- Born: Michelle Nguyen 4 November 1996 (age 29) East London, England
- Occupation: Nail artist
- Known for: Detailed nontraditional nail art; work with Teyana Taylor, Megan Thee Stallion, and Cardi B

= Coca Michelle =

British nail artist

Michelle Nguyen (born 4 November 1996), known professionally as Coca Michelle, is a British nail artist. She is known for her detailed style that often includes non-traditional materials and has worked with the likes of Teyana Taylor, Megan Thee Stallion, and Cardi B. She appeared on the 2023 Forbes 30 under 30 list.

== Life and career ==
Coca Michelle was born Michelle Nguyen in East London, England. Her parents were manicurists who eventually opened their own nail salon. Nguyen began to do nails at age six due to her frequent exposure to the business. By age nine she was painting freestyle designs for her parents' clients.
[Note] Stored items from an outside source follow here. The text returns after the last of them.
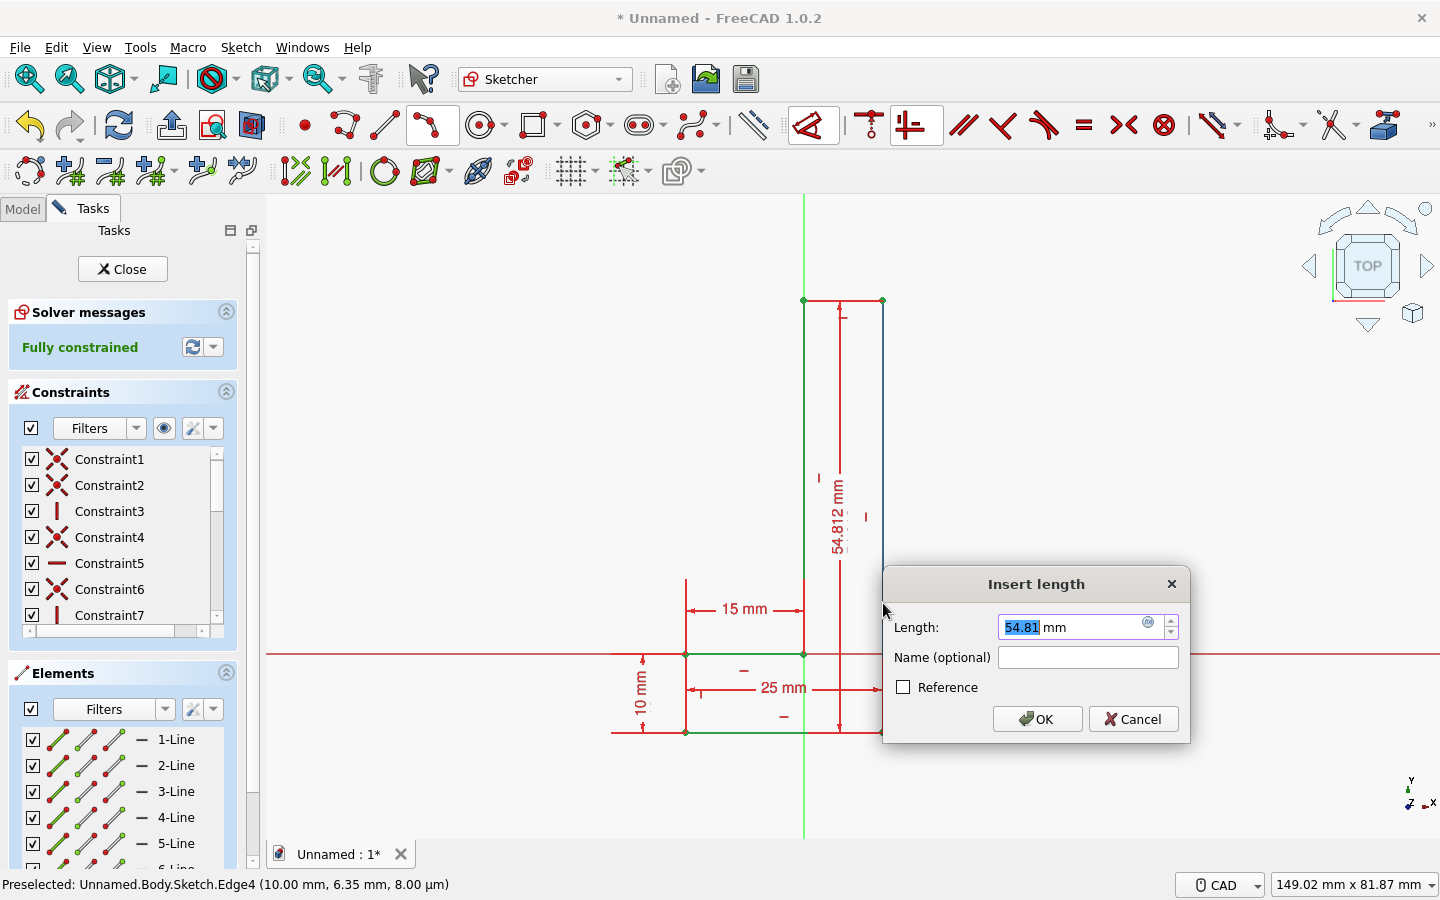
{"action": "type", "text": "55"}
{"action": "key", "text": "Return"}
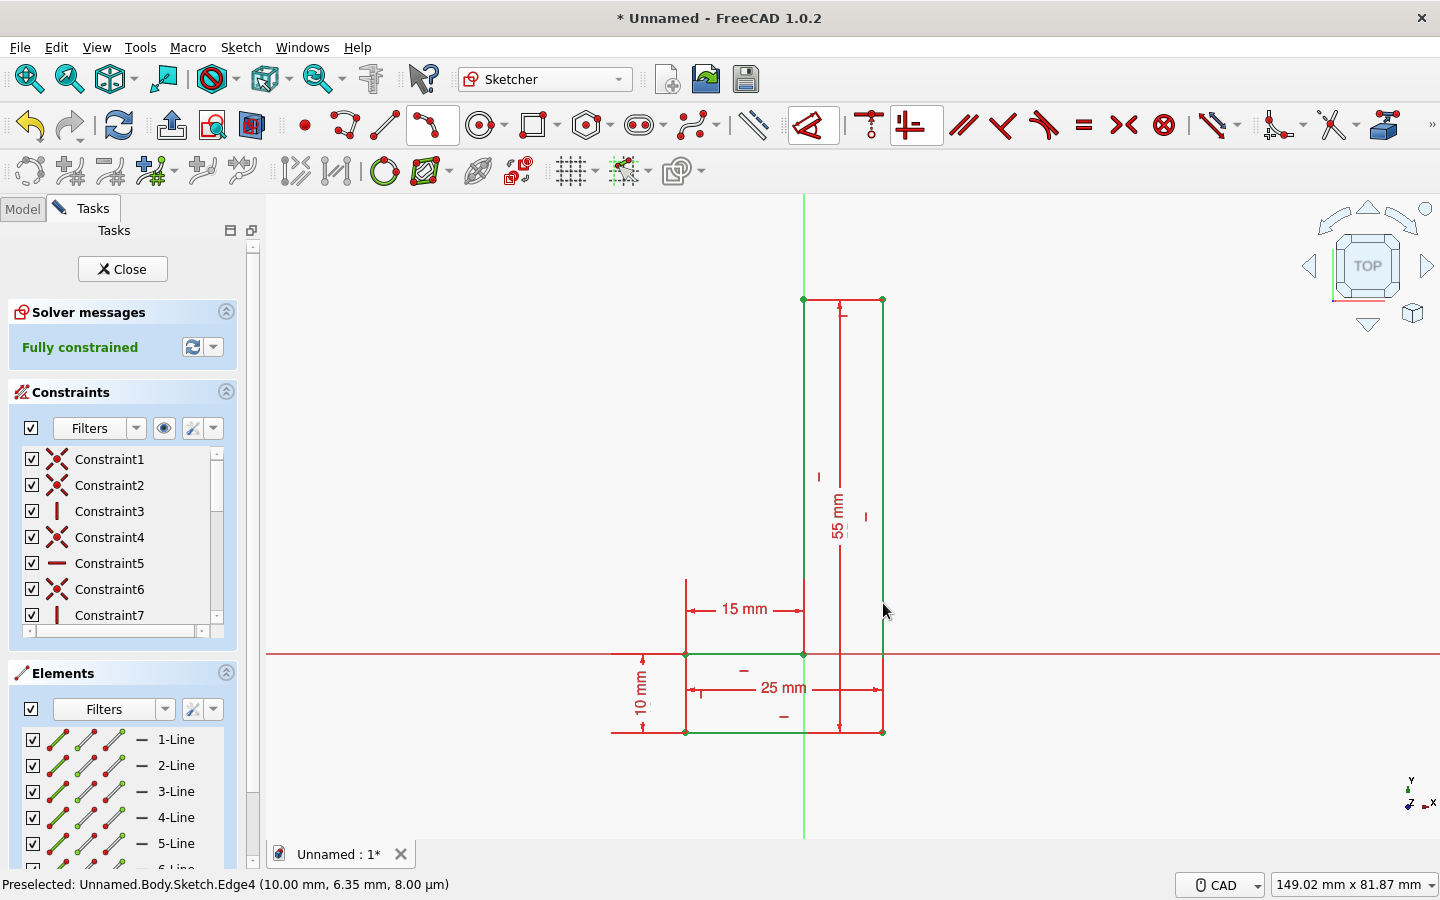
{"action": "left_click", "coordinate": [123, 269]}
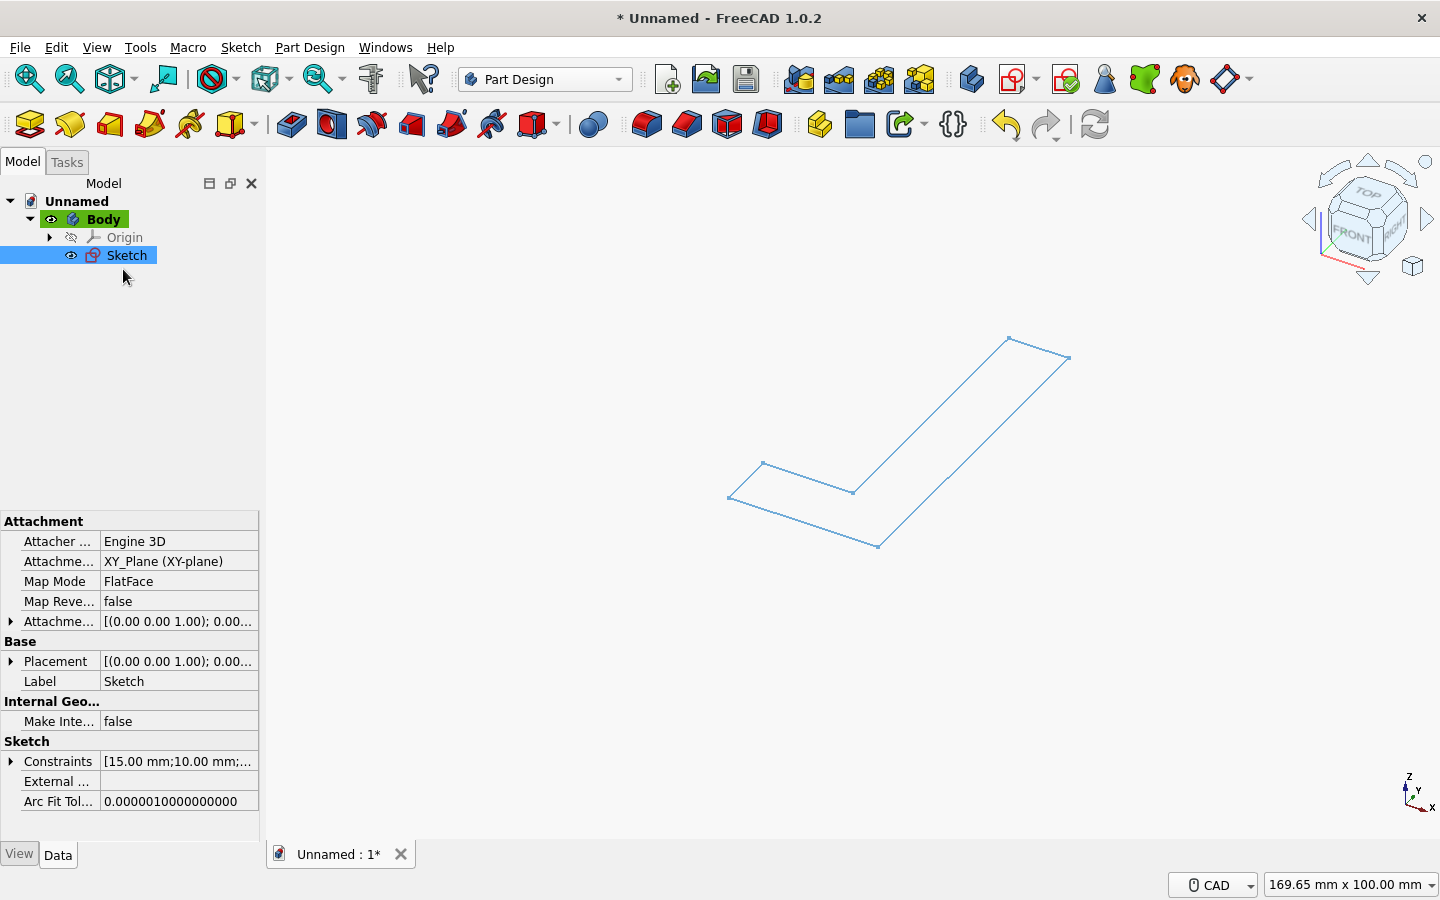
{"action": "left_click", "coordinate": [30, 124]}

Nguyen studied at the Fashion Institute of Design & Merchandising in Los Angeles and interned in the fashion world. She took a part-time job at a nail salon and then realized she would like to pursue it full-time. She transitioned to doing nails at Laqué Nail Bar and used social media to promote her work. She credits that time with improving her style. Coca specialises in long nails, anime-style art, and nontraditional designs and materials.

In 2017, she was recommended to Teyana Taylor, who hired her; later, Coca Michelle accompanied her on tour.In 2019, she and Taylor opened the salon Junie Bee Nails in Harlem. Other clients include Cardi B, Christina Aguilera, Rosalía, Summer Walker, and Jhené Aiko.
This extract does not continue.